Supplied material:
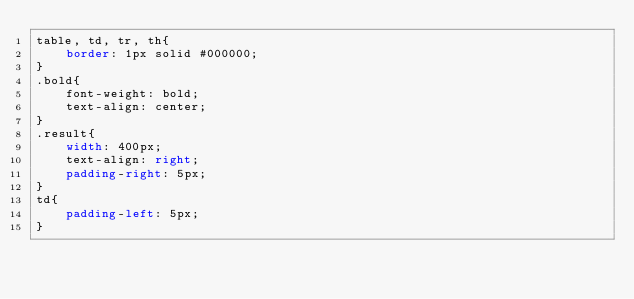Convert code to text. <code><loc_0><loc_0><loc_500><loc_500><_CSS_>table, td, tr, th{
    border: 1px solid #000000;
}
.bold{
    font-weight: bold;
    text-align: center;
}
.result{
    width: 400px;
    text-align: right;
    padding-right: 5px;
}
td{
    padding-left: 5px;
}
</code> 
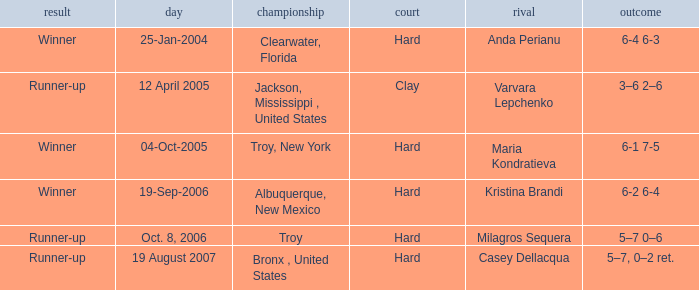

What the exercise asks: Write out, exactly and with nothing added, every line from the one that holds "border: 1px solid #000000;" to the end of the entries above; pictures stay out.

Solution for this task:
    border: 1px solid #000000;
}
.bold{
    font-weight: bold;
    text-align: center;
}
.result{
    width: 400px;
    text-align: right;
    padding-right: 5px;
}
td{
    padding-left: 5px;
}
</code> 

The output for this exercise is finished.